Are many of your in a similar situation? Figured I see if others are in the same boat.

Thanks & Happy holidays


----------



## K&L preservation (Oct 28, 2013)

no one is making money working for nationials or regionals.. read throughout this whole forum and you will find your answers.. its a industry in a downwards spiral.. only people making anything are the nats and regionals.. drive around and look for foreclosed homes and call the broker that is handling it. will take time but you will snag one or two, get a DUNS and gets some goverment contracts, get out there and start advertising for landscaping in the spring summer and fall and plow snow or do interior contruction in the winter depending where you live.. but dont fall for the bs the nats and regionals feed you.. 

happy holidays


----------



## Trey9007 (Nov 20, 2013)

Prather Guy said:


> Hi,
> 
> .....
> 
> ...


IMO, the business model doesn't work because this is not a business.
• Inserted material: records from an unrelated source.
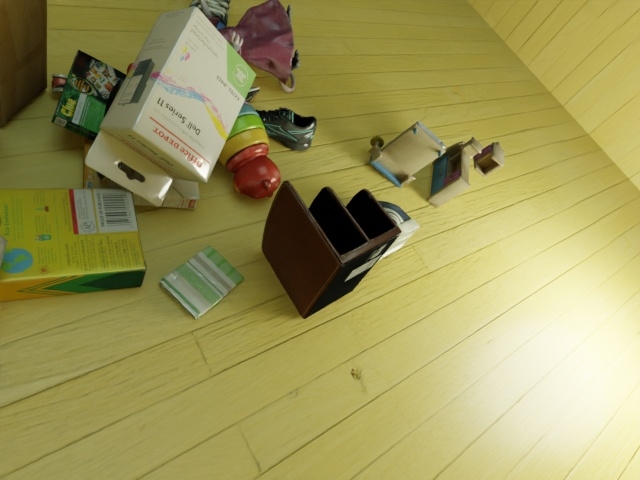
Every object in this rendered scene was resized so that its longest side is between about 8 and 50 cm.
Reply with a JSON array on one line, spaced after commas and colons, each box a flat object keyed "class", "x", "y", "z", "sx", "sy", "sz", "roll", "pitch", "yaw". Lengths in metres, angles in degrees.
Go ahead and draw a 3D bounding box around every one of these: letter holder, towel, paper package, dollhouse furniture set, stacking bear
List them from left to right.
[{"class": "paper package", "x": -0.719, "y": -0.440, "z": 0.897, "sx": 0.310, "sy": 0.324, "sz": 0.168, "roll": 26, "pitch": 49, "yaw": -12}, {"class": "towel", "x": -0.252, "y": 0.088, "z": 0.992, "sx": 0.113, "sy": 0.023, "sz": 0.152, "roll": 45, "pitch": 46, "yaw": 3}, {"class": "stacking bear", "x": -0.204, "y": -0.235, "z": 1.159, "sx": 0.164, "sy": 0.175, "sz": 0.288, "roll": -29, "pitch": 86, "yaw": -13}, {"class": "letter holder", "x": 0.000, "y": 0.000, "z": 0.989, "sx": 0.152, "sy": 0.301, "sz": 0.214, "roll": -27, "pitch": 73, "yaw": -27}, {"class": "dollhouse furniture set", "x": 0.348, "y": -0.304, "z": 1.429, "sx": 0.304, "sy": 0.286, "sz": 0.198, "roll": 34, "pitch": 47, "yaw": -20}]

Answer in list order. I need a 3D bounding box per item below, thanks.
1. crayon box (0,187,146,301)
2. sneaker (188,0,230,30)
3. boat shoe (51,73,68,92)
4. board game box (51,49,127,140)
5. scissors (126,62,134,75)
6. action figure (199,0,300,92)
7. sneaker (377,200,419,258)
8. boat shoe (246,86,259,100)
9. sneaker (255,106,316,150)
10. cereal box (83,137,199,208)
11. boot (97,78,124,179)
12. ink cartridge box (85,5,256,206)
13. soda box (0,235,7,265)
[{"class": "crayon box", "x": -0.511, "y": 0.001, "z": 0.863, "sx": 0.319, "sy": 0.081, "sz": 0.202, "roll": -3, "pitch": 59, "yaw": -32}, {"class": "sneaker", "x": -0.322, "y": -0.780, "z": 1.424, "sx": 0.130, "sy": 0.236, "sz": 0.322, "roll": 15, "pitch": 52, "yaw": -20}, {"class": "boat shoe", "x": -0.573, "y": -0.363, "z": 1.115, "sx": 0.137, "sy": 0.049, "sz": 0.043, "roll": 2, "pitch": 93, "yaw": -44}, {"class": "board game box", "x": -0.514, "y": -0.327, "z": 1.061, "sx": 0.136, "sy": 0.030, "sz": 0.259, "roll": 26, "pitch": 39, "yaw": -36}, {"class": "scissors", "x": -0.473, "y": -0.481, "z": 1.235, "sx": 0.109, "sy": 0.021, "sz": 0.296, "roll": 34, "pitch": 35, "yaw": -54}, {"class": "action figure", "x": -0.260, "y": -0.588, "z": 1.377, "sx": 0.371, "sy": 0.275, "sz": 0.247, "roll": -13, "pitch": 71, "yaw": -11}, {"class": "sneaker", "x": 0.137, "y": -0.036, "z": 1.187, "sx": 0.148, "sy": 0.131, "sz": 0.350, "roll": 45, "pitch": 19, "yaw": 14}, {"class": "boat shoe", "x": -0.222, "y": -0.424, "z": 1.361, "sx": 0.046, "sy": 0.038, "sz": 0.125, "roll": 8, "pitch": 32, "yaw": 29}, {"class": "sneaker", "x": -0.137, "y": -0.337, "z": 1.302, "sx": 0.268, "sy": 0.106, "sz": 0.101, "roll": 8, "pitch": 56, "yaw": -23}, {"class": "cereal box", "x": -0.407, "y": -0.158, "z": 1.056, "sx": 0.241, "sy": 0.047, "sz": 0.172, "roll": 1, "pitch": 55, "yaw": -28}, {"class": "boot", "x": -0.381, "y": -0.218, "z": 1.013, "sx": 0.179, "sy": 0.085, "sz": 0.236, "roll": 21, "pitch": 59, "yaw": -42}, {"class": "ink cartridge box", "x": -0.293, "y": -0.257, "z": 0.944, "sx": 0.207, "sy": 0.119, "sz": 0.353, "roll": 38, "pitch": 69, "yaw": -53}, {"class": "soda box", "x": -0.645, "y": 0.023, "z": 0.685, "sx": 0.287, "sy": 0.098, "sz": 0.091, "roll": -2, "pitch": 64, "yaw": -2}]

Its a pyramid scheme. The money stays at the top. The lialbilty, expenses, and risk goes to the bottom.

IMO, to give yourself the best chance of success, diversify your business model. Do other things along with PP work. Operate with the goal of eventually using PP work as fill in work, and work hard on growing other parts of your business. This way you put yourself in a position where you can only accept PP work that is truly profitable.


Good Luck!


----------



## Field Audit Services LLC (Mar 24, 2013)
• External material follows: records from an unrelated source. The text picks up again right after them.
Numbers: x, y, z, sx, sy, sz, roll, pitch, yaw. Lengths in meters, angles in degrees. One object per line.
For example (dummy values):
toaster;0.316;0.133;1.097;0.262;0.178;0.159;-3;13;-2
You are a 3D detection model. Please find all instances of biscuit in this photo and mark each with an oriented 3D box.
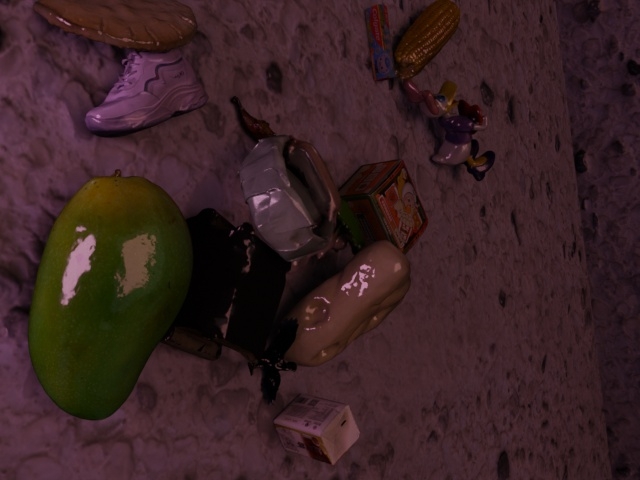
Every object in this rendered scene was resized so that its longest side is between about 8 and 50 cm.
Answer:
biscuit;-0.316;-0.374;0.914;0.289;0.038;0.141;-25;66;-44

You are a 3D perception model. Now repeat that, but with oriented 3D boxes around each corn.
corn;0.310;-0.599;1.569;0.363;0.120;0.120;-52;123;-32

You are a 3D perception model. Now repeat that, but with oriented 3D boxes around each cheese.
cheese;0.074;0.170;1.275;0.351;0.130;0.328;-43;159;1

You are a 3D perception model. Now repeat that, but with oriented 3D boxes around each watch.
watch;-0.069;-0.084;1.044;0.253;0.161;0.241;62;17;4

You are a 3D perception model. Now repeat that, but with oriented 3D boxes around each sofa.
sofa;-0.196;0.093;1.019;0.200;0.182;0.259;45;57;-56

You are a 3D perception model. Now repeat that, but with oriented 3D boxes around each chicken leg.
chicken leg;-0.139;-0.252;1.150;0.145;0.037;0.062;36;41;-40

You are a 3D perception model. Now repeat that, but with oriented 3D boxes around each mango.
mango;-0.322;0.084;0.832;0.225;0.201;0.382;19;78;-53

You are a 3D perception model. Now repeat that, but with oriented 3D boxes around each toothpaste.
toothpaste;0.172;-0.542;1.455;0.044;0.070;0.194;-15;100;-43

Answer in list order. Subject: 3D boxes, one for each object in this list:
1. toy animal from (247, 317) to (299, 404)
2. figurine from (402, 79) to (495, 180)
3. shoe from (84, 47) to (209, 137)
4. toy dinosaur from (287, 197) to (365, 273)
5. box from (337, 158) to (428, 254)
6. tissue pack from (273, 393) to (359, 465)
toy animal;-0.103;0.256;1.124;0.107;0.062;0.220;7;111;-20
figurine;0.402;-0.345;1.642;0.193;0.154;0.421;-38;131;-1
shoe;-0.313;-0.269;0.934;0.245;0.095;0.138;-38;112;-44
toy dinosaur;0.004;0.004;1.227;0.152;0.177;0.194;55;26;-31
box;0.157;-0.079;1.369;0.177;0.148;0.195;-47;121;-38
tissue pack;-0.009;0.417;1.178;0.106;0.148;0.099;-35;113;-41

> IMO, to give yourself the best chance of success, diversify your business model. Do other things along with PP work.


Or in laymans terms, subsidize the PP work with other work from other industries...


----------



## REOmadness (Jun 8, 2013)

if you have the equipment and/or skills to work in this industry then you have the ability to use them elsewhere to make a real living. You will have to go find the work instead of waiting for a nat or reg to drop it in your lap like most here do then whine when there is nothing to do. If you want a real future then you will have to leave pp work in the dust. Unfortunately this industry attacks people who can't do anything else so there will always be job insecurity.


----------



## Trey9007 (Nov 20, 2013)

Field Audit Services LLC said:


> Or in laymans terms, subsidize the PP work with other work from other industries...


Thats really NOT what I'm saying. PP work is fine and can stand on its own financially. But only if you accept the work that is truly profitable. PP work is not much different from other industrys. A lot depends on your source of work.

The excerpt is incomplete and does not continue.